To establish trust between CockroachDB's S3 client and mitmproxy, you'll need to run the following SQL command while logged in to CockroachDB as an ADMIN user:

root@:26257/defaultdb> set cluster setting cloudstorage.http.custom_ca = '-----BEGIN CERTIFICATE----- MIIDoTCCAomgAwIBAgIGDq9brWb1MA0GCSqGSIb3DQEBCwUAMCgxEjAQBgNVBAMM CW1pdG1wcm94eTESMBAGA1UECgwJbWl0bXByb3h5MB4XDTIxMDIyNzIwNTMzNVoX DTI0MDIyOTIwNTMzNVowKDESMBAGA1UEAwwJbWl0bXByb3h5MRIwEAYDVQQKDAlt aXRtcHJveHkwggEiMA0GCSqGSIb3DQEBAQUAA4IBDwAwggEKAoIBAQCxNd/0kdh3 /BAxtk4sZQMnUkQgN6zTszT1D1FHcJjU4Q+5XZK99ot5996p2+79r+vtsEDm8yRw n/fRWd7vuvj2pg4ks5YMhxyXvYp6T0zi+/Oww6ptf7Cj0xtYvTaoeAsK9R1uOSWm a53F1Eq6J0O8iWdthBc2yJuv9y2K+WUPjn4aZUtpQf444cKMvqYj5CeUixj/Ubk2 mp0QOE4u5t+azh9urm/0oZQ8JKqKQxGsoH2NQ30r8DNK/PXWhQmEHQST0HTDkvmy pGrKmGu/jeUAVkEoqk+WTwf0XySgSl5wI/cyFNxbEAYYF/7JJZkT9IywYPgHZWIJ O7fsLWWTLTgVAgMBAAGjgdAwgc0wDwYDVR0TAQH/BAUwAwEB/zARBglghkgBhvhC AQEEBAMCAgQweAYDVR0lBHEwbwYIKwYBBQUHAwEGCCsGAQUFBwMCBggrBgEFBQcD BAYIKwYBBQUHAwgGCisGAQQBgjcCARUGCisGAQQBgjcCARYGCisGAQQBgjcKAwEG CisGAQQBgjcKAwMGCisGAQQBgjcKAwQGCWCGSAGG+EIEATAOBgNVHQ8BAf8EBAMC AQYwHQYDVR0OBBYEFF55Z+1n0C1UbvjlL0HZrxxcKrGrMA0GCSqGSIb3DQEBCwUA A4IBAQAV1QY8uvFwNgxytEgnwnbX084+Hf++01ILk/GL+vBI2HRHBkCcISSSOP2Y f+tTSM2CxxOYndf6BfmrP3Vzs5VdB6xlbpGR4QUqSRhQXe7aTwVmNoP9bV/de+Tl mdMa3kB3La/5BMKpgtsn/7xt4fsVvExXS/igEuwBbPmozCxisDu568Dag5GV3iTC cx8iLcZ1Eg0kbnLO7zmwgxADGBqDNphS5raYTiJaZODDA2MRUfSacUDB90ipnqz1 IzGXMqvf3Wdgqy3vHQoXRFUrHSRALbE0mBZYCM8/nNZ0tqt7lQy8La/p0XSWFRCR sDyr2ls+PCDeuJo5p7ti2pBs8sU4 -----END CERTIFICATE-----';

That string is the certificate contained in the file ~/.mitmproxy/mitmproxy-ca-cert.pem.

Prior to running the backup, a couple of things need to be done within Amazon EC2:

  1. Create an S3 bucket to contain the backups (mine is in the us-east-1 region).
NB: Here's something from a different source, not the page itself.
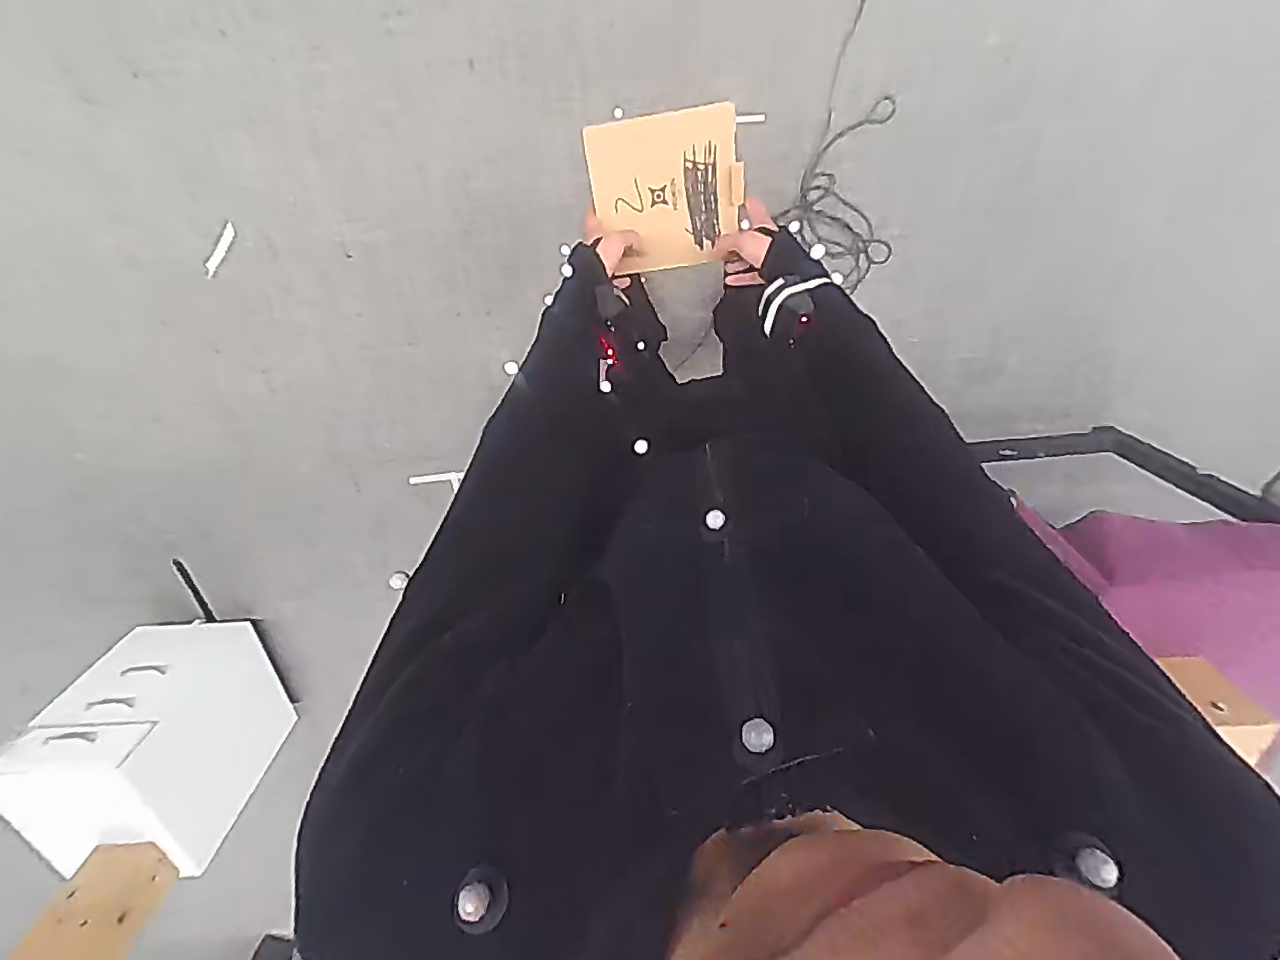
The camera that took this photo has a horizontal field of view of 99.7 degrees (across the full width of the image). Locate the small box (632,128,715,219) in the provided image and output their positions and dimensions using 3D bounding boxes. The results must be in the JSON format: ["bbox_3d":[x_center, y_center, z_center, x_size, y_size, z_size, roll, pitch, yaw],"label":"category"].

Here's a view of my newly created backup bucket
  2. Use the IAM interface to download security credentials.

I've already got a table, t1, that has data in it, so I won't show that. The next part is to build up the SQL backup command:

BACKUP TABLE t1
TO 's3://crdb-goddard/t1?AWS_ACCESS_KEY_ID=AKIAX4BORNLV64R5CHGM&AWS_SECRET_ACCESS_KEY=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&AWS_ENDPOINT=https%3A%2F%2Fs3.us-east-1.amazonaws.com&AWS_REGION=us-east-1'
AS OF SYSTEM TIME '-30s';

Going over this one part at a time:

BACKUP TABLE t1: just the usual syntax to back up a specified table. You can also do a specific database, or the entire cluster.

TO 's3://crdb-goddard/t1: the backup files will be created within the t1 folder of the crdb-goddard bucket created earlier.

?: this is the separator between the URL and the parameters, and the & character separates each of the provided parameters shown below.

AWS_ACCESS_KEY_ID=AKIAX4BORNLV64R5CHGM: this is the "Access key ID" obtained above using the IAM UI.

AWS_SECRET_ACCESS_KEY=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: this is the "Secret access key", also downloaded via the IAM UI.

AWS_ENDPOINT=https%3A%2F%2Fs3.us-east-1.amazonaws.com: when using a proxy and setting its cert as we have done here, it's necessary to explicitly set this parameter as well as the following one.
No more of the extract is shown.